International Journal of Computer Applications |
Foundation of Computer Science (FCS), NY, USA |
Volume 4 - Number 11 |
Year of Publication: 2010 |
Authors: Amir Masoud Rahmani, Mir Mohsen Pedram, Mohsen Asfia |
10.5120/869-1219 |
Amir Masoud Rahmani, Mir Mohsen Pedram, Mohsen Asfia . Main Content Extraction from Detailed Web Pages. International Journal of Computer Applications. 4, 11 ( August 2010), 18-21. DOI=10.5120/869-1219
As we know internet detailed web pages contains information which are not considered as primary content such as advertisements, headers, footers, navigation links and copyright information. Also information on web pages such as comments and reviews are not preferred by search engines to index as informative content, thereby having an algorithm to extracts only main content could help better quality on web page indexing.
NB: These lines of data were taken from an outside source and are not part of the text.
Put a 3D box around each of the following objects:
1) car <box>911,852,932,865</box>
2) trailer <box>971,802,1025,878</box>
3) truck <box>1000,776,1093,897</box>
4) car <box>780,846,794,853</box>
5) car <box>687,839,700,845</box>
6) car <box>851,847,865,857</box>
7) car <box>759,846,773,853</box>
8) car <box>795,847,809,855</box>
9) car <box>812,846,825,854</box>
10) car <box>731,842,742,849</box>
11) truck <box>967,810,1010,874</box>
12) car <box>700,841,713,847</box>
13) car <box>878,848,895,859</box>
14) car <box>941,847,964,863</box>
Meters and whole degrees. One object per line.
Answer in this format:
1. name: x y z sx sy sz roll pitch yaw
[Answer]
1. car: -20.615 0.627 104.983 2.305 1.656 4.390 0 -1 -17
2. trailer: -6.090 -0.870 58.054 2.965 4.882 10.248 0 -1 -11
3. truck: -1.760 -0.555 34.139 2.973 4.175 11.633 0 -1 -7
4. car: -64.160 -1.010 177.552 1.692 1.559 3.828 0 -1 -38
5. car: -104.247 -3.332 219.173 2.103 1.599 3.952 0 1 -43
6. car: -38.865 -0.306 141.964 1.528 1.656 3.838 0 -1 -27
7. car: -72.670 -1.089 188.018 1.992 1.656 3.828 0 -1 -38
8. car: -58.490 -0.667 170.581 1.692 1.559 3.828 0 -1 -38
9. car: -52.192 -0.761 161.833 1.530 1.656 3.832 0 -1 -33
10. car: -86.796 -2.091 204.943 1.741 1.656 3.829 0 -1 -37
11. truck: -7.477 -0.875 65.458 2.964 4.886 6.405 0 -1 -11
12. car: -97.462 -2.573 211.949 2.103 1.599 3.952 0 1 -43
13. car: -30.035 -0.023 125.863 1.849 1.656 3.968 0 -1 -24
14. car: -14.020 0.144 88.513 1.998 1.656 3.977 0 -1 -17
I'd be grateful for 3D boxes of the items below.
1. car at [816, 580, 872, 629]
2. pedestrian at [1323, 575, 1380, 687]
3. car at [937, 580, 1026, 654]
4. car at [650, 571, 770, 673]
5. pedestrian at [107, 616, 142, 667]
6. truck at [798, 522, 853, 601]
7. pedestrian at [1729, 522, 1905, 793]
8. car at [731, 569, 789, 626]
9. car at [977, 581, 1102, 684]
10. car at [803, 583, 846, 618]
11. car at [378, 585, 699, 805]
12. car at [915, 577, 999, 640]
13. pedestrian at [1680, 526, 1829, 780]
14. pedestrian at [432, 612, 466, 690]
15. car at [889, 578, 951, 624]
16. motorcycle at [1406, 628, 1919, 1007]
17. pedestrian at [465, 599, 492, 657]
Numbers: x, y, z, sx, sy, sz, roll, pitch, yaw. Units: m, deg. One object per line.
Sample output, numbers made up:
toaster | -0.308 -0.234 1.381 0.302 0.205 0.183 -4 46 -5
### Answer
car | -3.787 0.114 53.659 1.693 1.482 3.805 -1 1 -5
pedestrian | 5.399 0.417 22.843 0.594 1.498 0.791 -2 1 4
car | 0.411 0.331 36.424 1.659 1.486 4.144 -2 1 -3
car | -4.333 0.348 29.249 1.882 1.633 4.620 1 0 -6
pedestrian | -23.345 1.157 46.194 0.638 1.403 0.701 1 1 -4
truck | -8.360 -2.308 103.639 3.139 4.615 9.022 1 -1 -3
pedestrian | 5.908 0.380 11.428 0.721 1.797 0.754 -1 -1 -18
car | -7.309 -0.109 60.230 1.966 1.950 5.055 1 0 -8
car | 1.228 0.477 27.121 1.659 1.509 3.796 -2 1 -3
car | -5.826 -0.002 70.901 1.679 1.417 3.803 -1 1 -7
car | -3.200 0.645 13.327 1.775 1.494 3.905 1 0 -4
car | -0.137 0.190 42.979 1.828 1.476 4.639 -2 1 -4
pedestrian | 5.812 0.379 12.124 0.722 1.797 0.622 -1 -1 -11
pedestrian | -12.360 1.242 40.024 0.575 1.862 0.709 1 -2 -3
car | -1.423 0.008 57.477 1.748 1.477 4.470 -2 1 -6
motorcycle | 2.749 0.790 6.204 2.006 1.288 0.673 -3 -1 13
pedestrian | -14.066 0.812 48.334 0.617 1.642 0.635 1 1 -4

Almost all algorithms have been proposed are tag dependent means they could only look for primary content among specific tags such as < TABLE > or < DIV >. The algorithm in this paper simulates a web page user visit and how the user finds the main content block position in the page. The proposed method is tag independent and has two phases to accomplish the extraction job. First it transforms input DOM tree obtained from input HTML detailed web page into a block tree based on their visual representation and DOM structure in a way that on every node it will have specification vector, then it traverses the obtained small block tree to find main block having dominant computed value in comparison with other block nodes based on its specification vector values. The introduced method doesn’t have any learning phases and could find informative content on any random input detailed web page. This method has been tested in large variety of websites and as we will show, it gains better precision and recall based on other compared method K-FE.